2. Cycle Detection #

Created Monday 20 April 2020

We discussed in Kruskal’s algorithm, that we need to check if a cycle exists, just before adding an edge.

  1. In an MST…

One simple way is to traverse the graph and keep a visited bag, if we encounter a duplicate vertex, we skip that edge. **But this has a flaw. **If A and B, C and D are connected, does this mean that BC is not possible, **no, **it could be a valid non cyclic edge(i.e AB and CD are in two disconnected graphs), but our bag will reject this. This is not a foolproof way. i.e IT is WRONG.

  1. A simple approach, before connecting A and B, check is A is reachable from B(i.e hasPath(A, B)), if it is not connected add them. This takes too much time though.

Time Complexity: hasPath(A, B) has complexity O(V+E).
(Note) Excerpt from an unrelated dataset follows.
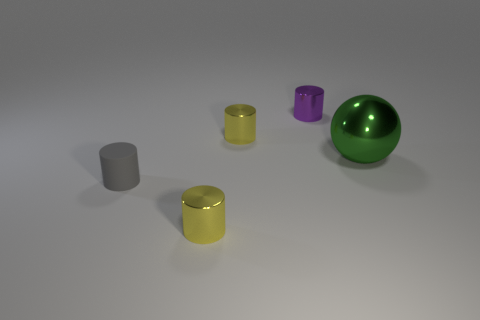Subtract all blue cylinders. Subtract all yellow cubes. How many cylinders are left? 4 Add 1 shiny balls. How many objects exist? 6 Subtract all cylinders. How many objects are left? 1 Subtract all green shiny cubes. Subtract all small yellow objects. How many objects are left? 3 Add 4 tiny matte things. How many tiny matte things are left? 5 Add 3 small metallic cylinders. How many small metallic cylinders exist? 6 Subtract 0 yellow balls. How many objects are left? 5

  1. Union Find algorithm:

In 1., We were keeping track of vertices only. We to change this idea. We somehow need to keep track of connected components, using which we can check if an edge is being drawn between connected components or not. If they are in a connected component the edge is **not **made, else it added(made).

We assume, initially, that all components are disjoint(only individual points):

  1. We maintain an array of these points(from 1 to N). We store the parent of these points at each element.
  2. We initialize every element to be equal to i, i.e i is the parent of itself, this ensures that all are disconnected. We need to maintain that for a connected graph, all the parents the same. (we implement this by keeping keeping all lvals, rvals as superparent. Remember that a super_parent is always reflexive)
  3. To safeConnect i and j, we find their superparents, if they are different, we assign one to the other(any way would do). This essentially does the union operation on the two graphs, making them a connected one. Assignment works both ways coz union is commutative.
void safeConnect(int i, int j, int arr[], int &edges)
{
    if (arr[i] != arr[j]) // apparently disconnected
    {
        int parent_i = arr[i], parent_j = arr[j]; // choose any of i and j

        // find the superparent of i and j

        // superparent of i
        while (parent_i != arr[parent_i])
            parent_i = arr[parent_i];

        // superparent of j
        while (arr[parent_j] != parent_j)
            parent_j = arr[parent_j];

        // we need to make changes only to the super_parent of either.
        if (parent_j != parent_i)
            arr[parent_i] = parent_j, edges++; // add the edges
        // doing arr[parent_j] = parent_i is the same, what matters is type superparent
    }
    // else do nothing
}
// idea superparent = root, exactly.

Calulating time complexity of the algo, worst in case of skewed tree, . i. e. // T.C = Maximum work is done if all the nodes are connected, either like two lines(parallel or connected at an end) or some other packed config

T.C for Union Find Cycle detection: O(V), in case the tree is skewed(LL). // O(V/k1 + V/k2); k1 and k2 show that we have two LL’s , worst case.

Proof of correctness(using induction):

  1. All are a single unions(groups), and that unions always have the same superparent(reachable root).
  2. By union operation, we have made some non-atomic groups, each which is a tree(by definition) - no cycle, connectedness.

The members of a group all have the same root(i.e we can reach the root) - does not mean arr[i] is the same as super_parent[i], it is not necessary.

  1. Assuming b. holds, i and j can be connected if they have different superparents(roots). We find the superparents(for both i and j) by iterating on the condition that superparents are always reflexive. Once both are found. We assign a one super_parent’s entry to another. This reduces a group and forms bigger tree.

We do this until we have edges = V-1. We have a spanning tree.